Annoncé par « Un amour à Casablanca » de A.Lagtaa et par « A la recherche du mari de ma femme » de A. Tazi, le film marocain centré sur la communication (c'est-à-dire  ouverture sur le grand public en respectant les exigences techniques et artistiques du film) va trouver son expression réelle dans « Mektoub » et « Ali Zawa » de N.Ayouch. Au lieu de laisser les autres occuper notre imaginaire populaire, une pléiade de jeunes talents, vont se charger d'une mission possible mais délicate: concilier (et non réconcilier) le public marocain avec son cinéma et son image, séduire les cœurs et les festivals, être artistiquement exigeants et s'ouvrir sur le public qui a besoin (la catharsis est légitime !) de rire, de pleurer, d'avoir peur, de haïr, d'avoir pitié et d'admirer.
Nous sommes, aujourd'hui,  au cœur de l'ère de la communication ; mais  le regard marocain n'est pas encore tout à fait constitué, bien délimité. Les Marocains s'y attellent.
Ils sont de plus en plus conscients et sensibles aux enjeux culturels, commerciaux, sociaux et mondiaux du cinéma. Malgré la crise des salles de cinéma, il existe un engouement sans précédent pour les images, surtout pour des images marocaines, fabriquées par des Marocains ! Malgré les problèmes de piratage, on s'applique à former de futurs jeunes cinéastes et on investit dans les multiplexes ! Malgré la superpuissance des films-chewing-gum, on multiplie les festivals et les rencontres cinématographiques. C'est que l'ère de la communication apporte plus de promesses pour le cinéma que les périodes précédentes.  Le cinéma n'est plus un privilège ni un droit, il est devenu un devoir démocratique. Un devoir pour être visible dans la tour de Babel des images. Un devoir pour contribuer à résorber le chômage. Un devoir pour une entente interculturelle. Tout converge vers le cinéma aujourd'hui. C'est le pari contre les rêves médiatiques qui s'érodent et se dissolvent facilement. C'est le pari contre la médiocrité, la facilité, l'oubli, la désillusion…
La communication, c'est la convivialité, la complicité, l'harmonie, la construction ensemble, la mémoire libérée, l'espoir fleuri…C'est aussi l'exigence vis-à-vis de soi et des autres, la dénonciation de nos maux tus, la mise à nu de nos plaies non cicatrisées…
De nombreux cinéastes marocains se sont déjà engagés pour un regard cinématographique marocain qui ne nie ni les diversités subjectives ni les différences culturelles et qui s'inscrit dans le développement durable de l'intelligence.

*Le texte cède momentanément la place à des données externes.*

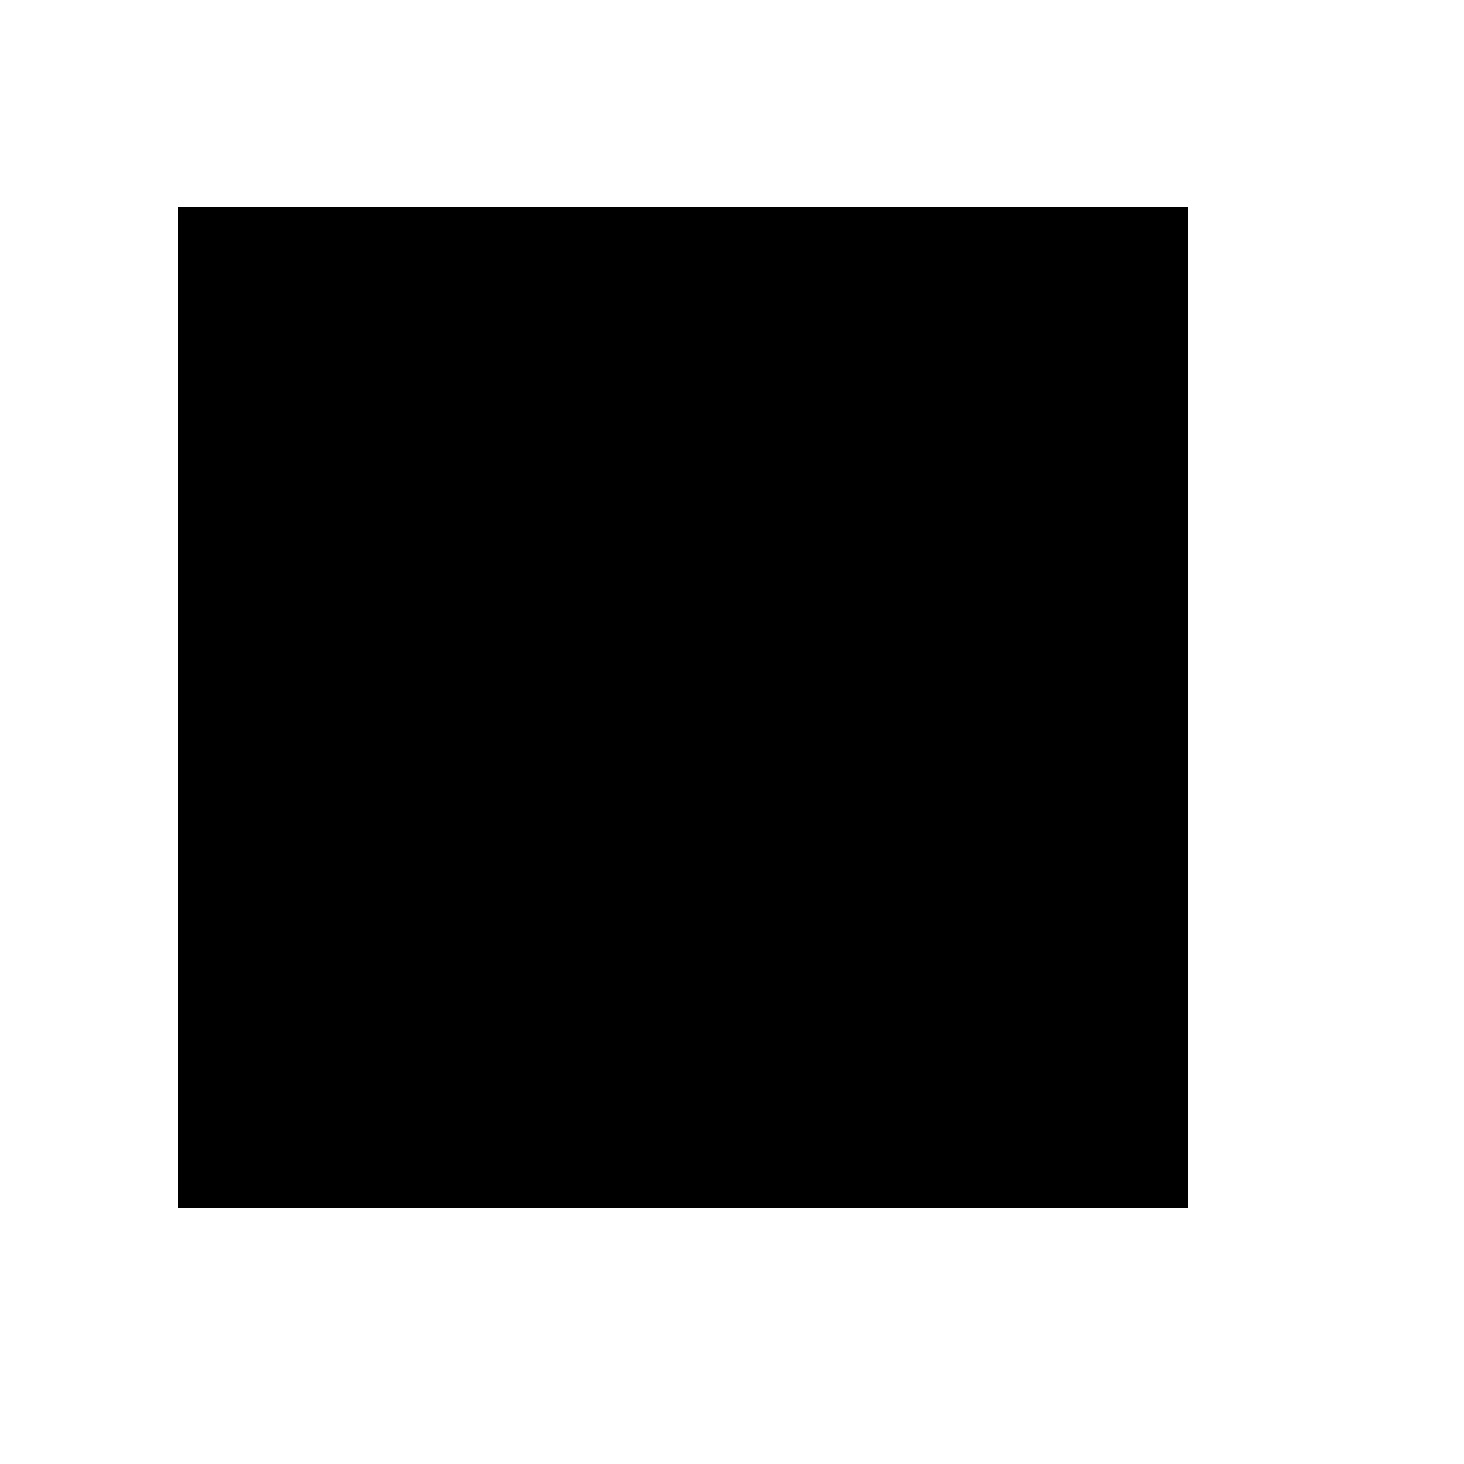
Signature of: gyom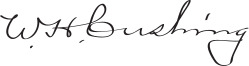
Signature of: william henry cushing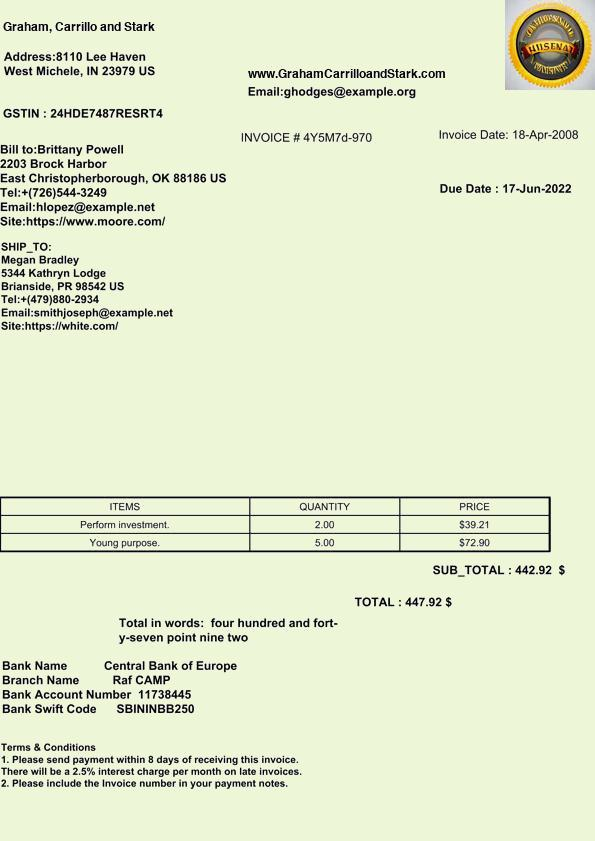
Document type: Invoice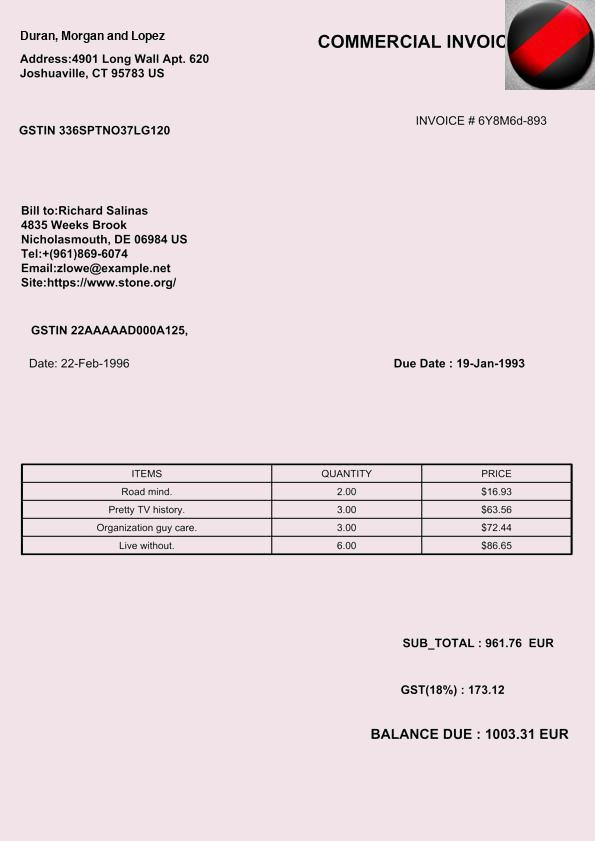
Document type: Invoice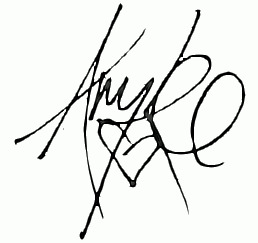
Signature of: amy lee
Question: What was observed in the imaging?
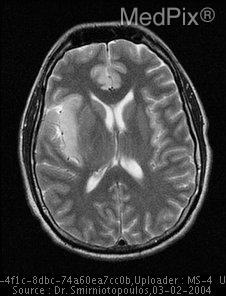
Answer: The imaging shows MRI revealed increased T2 signal intensity in R frontotemporal region, as well as insular gyri, right worse than left.  R cingulate gyrus noted to have increased signal intensity compared to L side.  Mild effacement of right lateral ventricle is also seen. MRI revealed increased T2 signal intensity in R frontotemporal region, as well as insular gyri, right worse than left. Both cingulate gyri have increased signal intensity.  Mild effacement of right lateral ventricle..
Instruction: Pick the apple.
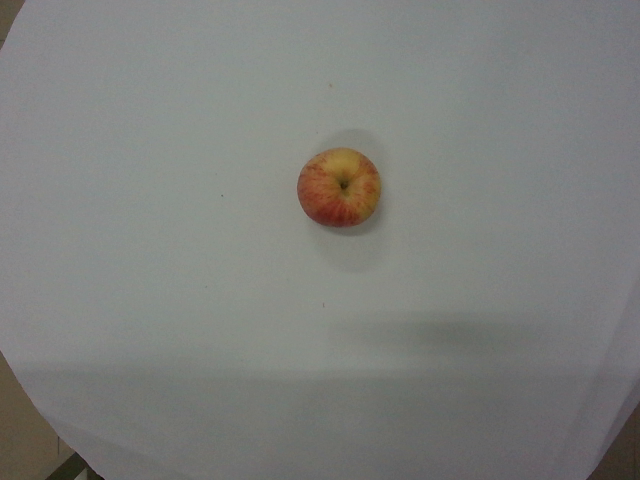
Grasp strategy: vertical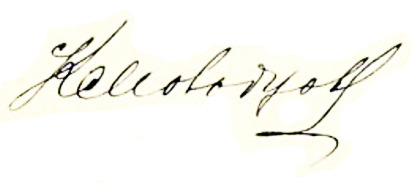
Signature of: konstantin molodtsov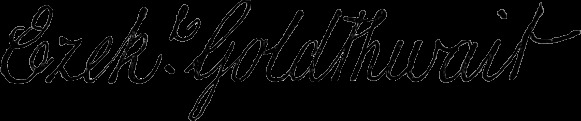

L'ère de la communication exige un cinéma qui surprend non seulement par sa thématique mais aussi par ses choix techniques et plastiques, un cinéma qui concilie subjectivité, société et universalité, un cinéma qui soit non pas une prothèse éphémère, mais une extension du corps et de l'âme marocains, un cinéma qui explore tous les genres, tous les mouvements et qui écoute patiemment et passionnément son héritage visuel et narratif.
Le 4ème âge du regard cinématographique marocain n'est sans doute pas le dernier puisque ce cinéma est encore à ses débuts. 50 ans, c'est l'âge de la maturité et de la créativité.
Au commencement était M. Osfour, puis, vint H. Bennani, et maintenant c'est toute une myriade de jeunes talents, de la trempe de F. Bensaidi, Daoud Oulad Sayed, Narjis Nejjar et d'autres,  qui partent à la conquête de la Planète Cinéma.
On n'hésitera pas à ce stade de la réflexion à proposer, pour sans doute reposer l'interrogation autrement sur les débuts d'un cinéma marocain (Le chevrier marocain, Le fils maudit ou Wechma ?), une périodisation basée sur trois époques :
- L’origine du cinéma marocain qui s'étendrait de l'arrivée des opérateurs Lumière jusqu'à Ousfour et qui correspond au premier âge du cinéma marocain;
- la naissance du cinéma marocain primitif avec   le précurseur-miracle  M.Ousfour
- les premiers pas d'un cinéma d'expression et de communication avec Tazi, Lahlou et Bennanni
Mais, qu'on ne s'y méprenne pas ! Les films de la période coloniale, les films tournés au Maroc, les œuvres réalisées par les Marocains appartiennent tous au patrimoine cinématographique marocain. On ne saurait parler de “Mektoub” de Nabil Ayouch sans penser, dans un élan intersémiotique et culturellement marocain, à Inchon.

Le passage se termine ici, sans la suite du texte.